AI Chatbots Tested for Clinical Cancer Knowledge
The Rise of AI in Healthcare
Artificial intelligence is rapidly changing the healthcare landscape, offering powerful tools that can analyze vast amounts of data and assist in complex decision-making. AI-driven systems are being integrated into diagnostics, personalized medicine, and clinical support, promising to enhance efficiency and improve patient outcomes. Large language models (LLMs) like ChatGPT-4o, Google's Gemini, DeepSeek, and Perplexity are at the forefront of this transformation, providing instant access to information through conversational interfaces.
However, while these tools are powerful, their reliability in specialized medical fields remains a critical question. In oncology, where precision and accuracy can be a matter of life and death, the stakes are particularly high. AI has shown promise in areas like radiodiagnosis and predicting treatment responses, but using general-purpose chatbots for specific clinical queries requires rigorous evaluation.
Focusing on Salivary Gland Cancer
Salivary gland cancer, a complex form of head and neck cancer, presents unique diagnostic and management challenges due to its rarity and diverse histology. Clinical decisions must adhere to strict, evidence-based guidelines, such as those provided by the American Society of Clinical Oncology (ASCO). To date, no research has specifically examined the accuracy of leading AI chatbots in this niche but critical area.
This gap prompted a new study to assess how well four popular AI platforms—ChatGPT-4o, DeepSeek, Gemini, and Perplexity—could answer clinical questions posed by surgeons about salivary gland cancer management. The central question was whether these AI models could provide responses accurate enough to be trusted in a clinical setting.
Putting AI to the Test The Study's Method
To systematically evaluate the AI chatbots, researchers designed a robust testing protocol. They formulated 30 clinical questions based on the 2021 ASCO guidelines for salivary gland malignancy. These questions covered a range of topics, from diagnosis and treatment to follow-up care, and included both binary (yes/no) and open-ended formats.
Over a 10-day period, two researchers independently posed these questions to each of the four AI platforms: ChatGPT-4o, DeepSeek, Gemini, and Perplexity. To ensure consistency and account for potential performance fluctuations, each question was asked three times a day—morning, noon, and evening. This process generated a massive dataset of 2,700 responses.
Each response was meticulously compared to the ASCO guidelines and coded as either "correct" or "incorrect." For example, if a chatbot answered "No" to a question where the guideline-based answer was "Yes," it was marked as incorrect. The data was then statistically analyzed to calculate the overall accuracy rate for each AI platform.
The Verdict How Each AI Performed
The results revealed a clear hierarchy in performance among the AI chatbots. DeepSeek emerged as the top performer, achieving the highest accuracy rate.
Here is the breakdown of the accuracy scores:
- DeepSeek: 86.9%
- Gemini: 78.9%
- ChatGPT-4o: 72.8%
- Perplexity: 71.6%
DeepSeek not only had the highest accuracy but also demonstrated the most consistent performance over the 10-day study period. Gemini also showed high stability in its responses. In contrast, ChatGPT-4o and Perplexity exhibited significant variability, with their accuracy fluctuating from day to day. Statistically, the performance difference between DeepSeek and the other models was significant, confirming its superior accuracy in this specific task.
Interestingly, the study found that the identity of the researcher asking the questions had no impact on the accuracy of the responses, suggesting the platforms are consistent regardless of the user.
What Do These Results Mean for Medicine?
The study's findings are a crucial reality check for the integration of AI in clinical practice. While AI technologies are powerful collaborative tools, they are not yet ready to replace the nuanced judgment of medical professionals. For an AI to be considered safe for clinical decision-making, an accuracy level of at least 90% is often cited as the benchmark.

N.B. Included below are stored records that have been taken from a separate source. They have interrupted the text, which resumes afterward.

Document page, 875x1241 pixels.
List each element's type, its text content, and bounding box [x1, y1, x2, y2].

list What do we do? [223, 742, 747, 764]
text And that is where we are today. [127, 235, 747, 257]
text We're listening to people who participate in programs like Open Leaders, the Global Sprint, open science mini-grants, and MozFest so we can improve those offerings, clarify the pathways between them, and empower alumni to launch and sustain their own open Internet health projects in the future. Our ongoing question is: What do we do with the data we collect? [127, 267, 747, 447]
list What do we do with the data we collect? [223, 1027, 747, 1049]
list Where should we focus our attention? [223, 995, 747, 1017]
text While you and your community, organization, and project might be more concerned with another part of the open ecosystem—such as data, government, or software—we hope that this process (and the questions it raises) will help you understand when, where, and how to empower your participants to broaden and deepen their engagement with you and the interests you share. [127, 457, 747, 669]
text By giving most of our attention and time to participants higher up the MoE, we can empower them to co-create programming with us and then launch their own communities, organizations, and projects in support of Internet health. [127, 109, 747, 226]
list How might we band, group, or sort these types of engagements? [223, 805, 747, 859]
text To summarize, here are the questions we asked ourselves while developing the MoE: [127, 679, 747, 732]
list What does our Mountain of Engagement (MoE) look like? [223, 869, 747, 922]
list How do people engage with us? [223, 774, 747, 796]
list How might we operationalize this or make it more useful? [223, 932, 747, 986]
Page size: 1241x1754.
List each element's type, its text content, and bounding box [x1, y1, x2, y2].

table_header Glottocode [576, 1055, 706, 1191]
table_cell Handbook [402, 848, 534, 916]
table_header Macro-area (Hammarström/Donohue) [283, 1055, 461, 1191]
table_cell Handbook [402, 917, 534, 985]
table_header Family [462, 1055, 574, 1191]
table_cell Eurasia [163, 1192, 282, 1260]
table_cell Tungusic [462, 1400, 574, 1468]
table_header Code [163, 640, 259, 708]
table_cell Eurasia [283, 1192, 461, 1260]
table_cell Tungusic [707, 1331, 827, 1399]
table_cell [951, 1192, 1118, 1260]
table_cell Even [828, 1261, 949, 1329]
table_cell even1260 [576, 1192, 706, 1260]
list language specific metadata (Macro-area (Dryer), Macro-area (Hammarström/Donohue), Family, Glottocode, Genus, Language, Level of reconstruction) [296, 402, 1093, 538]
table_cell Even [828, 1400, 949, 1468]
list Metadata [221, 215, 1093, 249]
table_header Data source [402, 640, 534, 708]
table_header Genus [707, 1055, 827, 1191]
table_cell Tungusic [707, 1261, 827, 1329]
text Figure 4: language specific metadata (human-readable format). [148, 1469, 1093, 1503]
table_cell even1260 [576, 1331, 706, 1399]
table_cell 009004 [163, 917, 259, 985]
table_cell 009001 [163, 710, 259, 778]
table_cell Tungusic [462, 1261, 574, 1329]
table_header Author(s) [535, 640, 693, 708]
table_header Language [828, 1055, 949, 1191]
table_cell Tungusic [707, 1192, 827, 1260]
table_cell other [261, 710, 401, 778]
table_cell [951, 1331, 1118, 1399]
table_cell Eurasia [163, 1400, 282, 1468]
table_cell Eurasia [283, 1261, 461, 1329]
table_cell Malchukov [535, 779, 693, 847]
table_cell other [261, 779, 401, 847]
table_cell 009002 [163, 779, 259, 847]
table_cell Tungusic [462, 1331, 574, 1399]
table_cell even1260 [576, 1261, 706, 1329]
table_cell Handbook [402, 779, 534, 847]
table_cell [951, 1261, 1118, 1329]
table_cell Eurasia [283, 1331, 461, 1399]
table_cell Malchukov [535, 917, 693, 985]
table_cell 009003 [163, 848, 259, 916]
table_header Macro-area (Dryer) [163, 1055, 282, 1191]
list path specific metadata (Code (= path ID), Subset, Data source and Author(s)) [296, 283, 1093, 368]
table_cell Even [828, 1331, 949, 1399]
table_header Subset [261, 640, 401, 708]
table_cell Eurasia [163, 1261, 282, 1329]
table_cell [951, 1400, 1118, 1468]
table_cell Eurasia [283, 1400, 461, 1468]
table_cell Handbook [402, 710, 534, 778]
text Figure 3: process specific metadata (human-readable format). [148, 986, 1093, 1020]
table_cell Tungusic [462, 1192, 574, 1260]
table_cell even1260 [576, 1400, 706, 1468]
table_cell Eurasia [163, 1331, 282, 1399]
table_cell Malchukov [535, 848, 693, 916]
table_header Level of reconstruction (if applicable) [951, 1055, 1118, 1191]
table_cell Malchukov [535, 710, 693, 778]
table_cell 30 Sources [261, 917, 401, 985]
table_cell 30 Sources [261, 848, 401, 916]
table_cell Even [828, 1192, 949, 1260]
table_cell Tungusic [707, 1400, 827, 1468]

In this study, none of the chatbots, including the top-performing DeepSeek, met this critical 90% threshold. This outcome highlights that even the most advanced AI models have limitations and cannot be used as standalone clinical tools, especially in a highly specialized field like salivary gland cancer. The variability in performance shown by ChatGPT-4o and Perplexity is also a concern, as consistency is paramount in healthcare.

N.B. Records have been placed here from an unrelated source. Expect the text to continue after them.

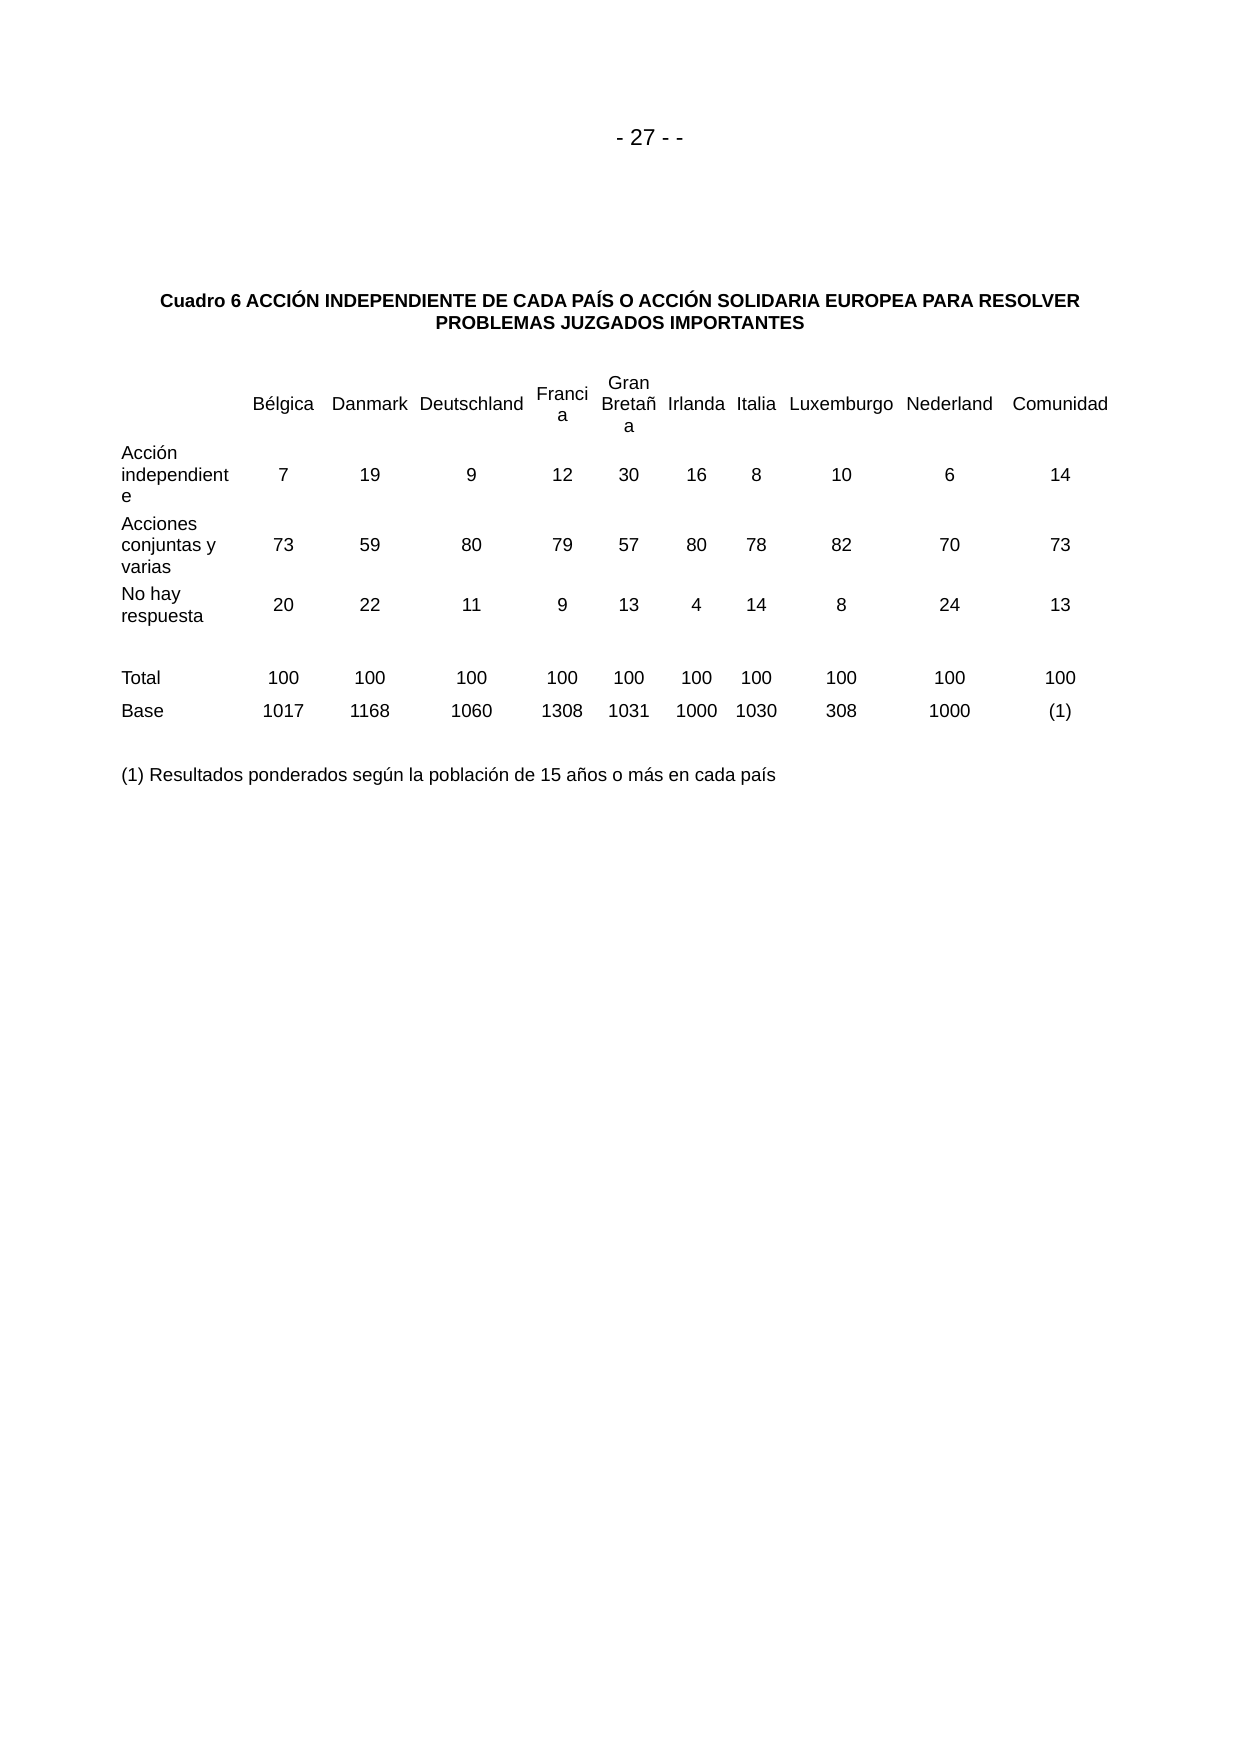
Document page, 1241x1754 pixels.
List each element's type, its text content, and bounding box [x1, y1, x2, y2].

table_cell Danmark [326, 369, 413, 439]
table_cell 80 [662, 510, 731, 580]
table_cell [414, 336, 529, 369]
table_cell [118, 336, 241, 369]
table_cell 12 [529, 439, 595, 510]
table_cell [782, 629, 901, 662]
table_cell No hay respuesta [118, 580, 241, 629]
table_cell 100 [901, 662, 998, 694]
table_cell [241, 629, 326, 662]
table_cell [118, 629, 241, 662]
table_cell 1030 [731, 694, 782, 726]
table_cell [662, 629, 731, 662]
table_cell 8 [782, 580, 901, 629]
table_cell [595, 336, 662, 369]
table_cell Francia [529, 369, 595, 439]
table_cell Deutschland [414, 369, 529, 439]
table_cell 73 [998, 510, 1122, 580]
table_cell [901, 726, 998, 759]
table_cell [326, 726, 413, 759]
table_cell 9 [414, 439, 529, 510]
table_cell 14 [998, 439, 1122, 510]
table_cell Italia [731, 369, 782, 439]
table_cell 308 [782, 694, 901, 726]
table_cell 100 [326, 662, 413, 694]
table_cell 100 [731, 662, 782, 694]
table_cell 24 [901, 580, 998, 629]
table_cell [118, 726, 241, 759]
table_cell [326, 336, 413, 369]
table_header Cuadro 6 ACCIÓN INDEPENDIENTE DE CADA PAÍS O ACCIÓN SOLIDARIA EUROPEA PARA RESOLVER PROBLEMAS JUZGADOS IMPORTANTES [118, 288, 1122, 336]
table_cell 80 [414, 510, 529, 580]
table_cell [782, 726, 901, 759]
table_cell [998, 629, 1122, 662]
table_cell Bélgica [241, 369, 326, 439]
table_cell [595, 629, 662, 662]
table_cell 100 [595, 662, 662, 694]
table_cell 4 [662, 580, 731, 629]
table_cell 70 [901, 510, 998, 580]
table_cell Comunidad [998, 369, 1122, 439]
table_cell Irlanda [662, 369, 731, 439]
table_cell 20 [241, 580, 326, 629]
table_cell 100 [529, 662, 595, 694]
table_cell [901, 336, 998, 369]
table_cell [782, 336, 901, 369]
table_cell 1308 [529, 694, 595, 726]
table_cell [529, 629, 595, 662]
table_cell 13 [998, 580, 1122, 629]
table_cell [326, 629, 413, 662]
table_cell 82 [782, 510, 901, 580]
table_cell 1017 [241, 694, 326, 726]
table_cell 78 [731, 510, 782, 580]
table_cell [731, 726, 782, 759]
table_cell 14 [731, 580, 782, 629]
table_cell Gran Bretaña [595, 369, 662, 439]
table_cell 59 [326, 510, 413, 580]
table_cell 100 [782, 662, 901, 694]
table_cell 1000 [901, 694, 998, 726]
table_cell [731, 336, 782, 369]
table_cell Acciones conjuntas y varias [118, 510, 241, 580]
table_cell Nederland [901, 369, 998, 439]
table_cell [662, 726, 731, 759]
table_cell [662, 336, 731, 369]
table_cell (1) [998, 694, 1122, 726]
table_cell 100 [998, 662, 1122, 694]
table_cell [901, 629, 998, 662]
table_cell [414, 629, 529, 662]
table_cell 100 [662, 662, 731, 694]
table_cell [414, 726, 529, 759]
table_cell 8 [731, 439, 782, 510]
table_cell 22 [326, 580, 413, 629]
table_cell [595, 726, 662, 759]
table_cell 1060 [414, 694, 529, 726]
table_cell [241, 726, 326, 759]
table_cell 7 [241, 439, 326, 510]
table_cell 73 [241, 510, 326, 580]
table_cell 9 [529, 580, 595, 629]
table_cell Acción independiente [118, 439, 241, 510]
table_cell 100 [414, 662, 529, 694]
table_cell [529, 336, 595, 369]
table_cell 6 [901, 439, 998, 510]
table_cell [998, 336, 1122, 369]
table_cell 10 [782, 439, 901, 510]
table_cell 100 [241, 662, 326, 694]
table_cell Base [118, 694, 241, 726]
table_cell [529, 726, 595, 759]
table_cell 19 [326, 439, 413, 510]
table_cell 79 [529, 510, 595, 580]
table_cell Luxemburgo [782, 369, 901, 439]
table_cell 11 [414, 580, 529, 629]
table_cell 1168 [326, 694, 413, 726]
table_cell 16 [662, 439, 731, 510]
table_cell 30 [595, 439, 662, 510]
table_cell (1) Resultados ponderados según la población de 15 años o más en cada país [118, 759, 1122, 791]
table_cell 13 [595, 580, 662, 629]
table_cell Total [118, 662, 241, 694]
table_cell [731, 629, 782, 662]
table_cell 57 [595, 510, 662, 580]
table_cell [118, 369, 241, 439]
table_cell [241, 336, 326, 369]
table_cell 1031 [595, 694, 662, 726]
table_cell [998, 726, 1122, 759]
table_cell 1000 [662, 694, 731, 726]

The researchers noted several limitations, including the relatively short 10-day assessment period and the fact that these general-purpose chatbots lack specialized training in oral and maxillofacial surgery. This lack of domain-specific knowledge likely contributed to the accuracy gaps.

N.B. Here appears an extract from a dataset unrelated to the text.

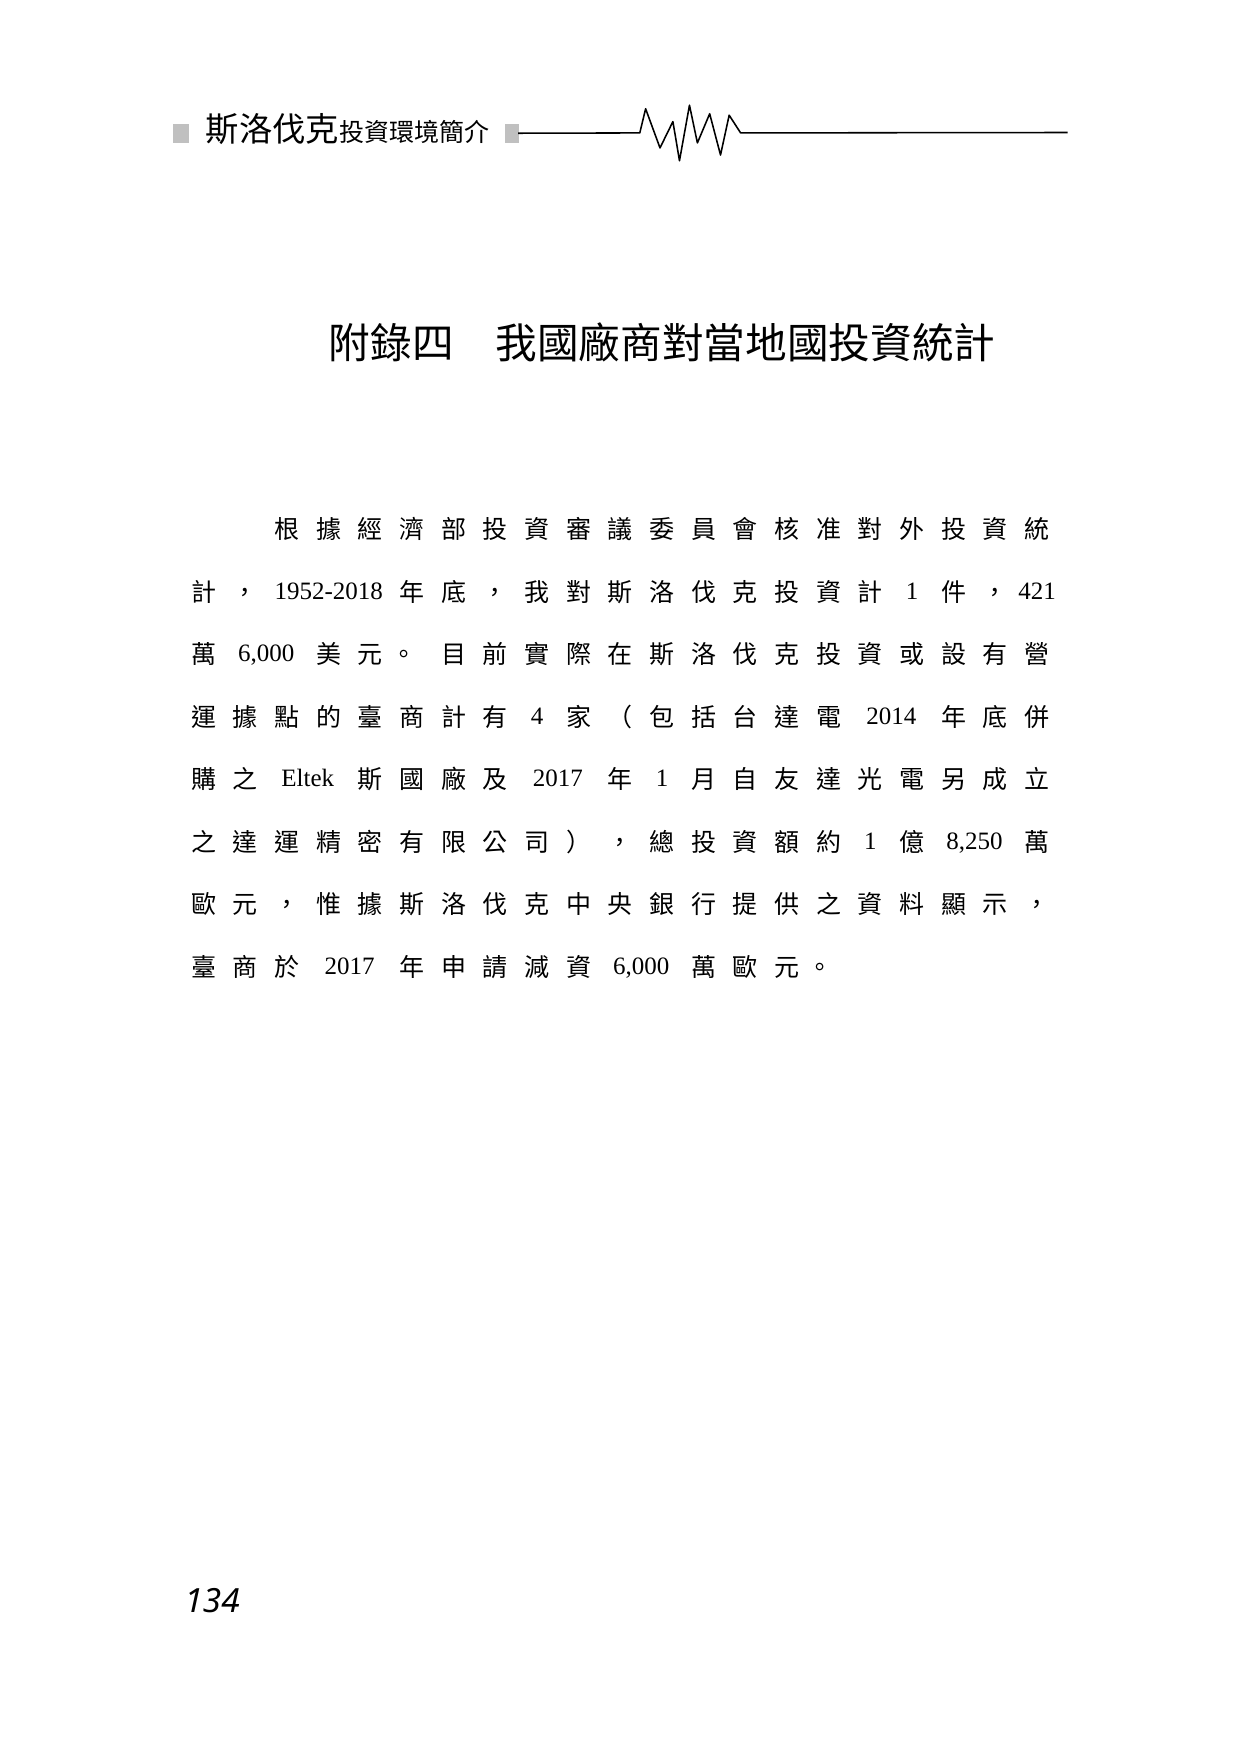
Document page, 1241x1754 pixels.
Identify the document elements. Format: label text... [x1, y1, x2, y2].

text 附錄四 我國廠商對當地國投資統計 [183, 299, 1058, 361]
text 根據經濟部投資審議委員會核准對外投資統計，1952-2018年底，我對斯洛伐克投資計1件，421萬6,000美元。目前實際在斯洛伐克投資或設有營運據點的臺商計有4家（包括台達電2014年底併購之Eltek斯國廠及2017年1月自友達光電另成立之達運精密有限公司），總投資額約1億8,250萬歐元，惟據斯洛伐克中央銀行提供之資料顯示，臺商於2017年申請減資6,000萬歐元。 [183, 486, 1058, 986]

The Future of AI in Clinical Practice
Despite the limitations, this research underscores the significant potential of AI chatbots to support clinicians. DeepSeek's promising accuracy suggests that with further development and specialized training, AI systems could become invaluable assistants for healthcare professionals.
The path forward requires collaboration between researchers, developers, and medical experts to create and validate AI tools tailored for specific clinical needs. As AI capabilities advance, customized systems with enhanced precision could offer powerful support in managing complex diseases like oral cancer. However, rigorous clinical validation remains essential to ensure these technologies are both safe and effective for patient care.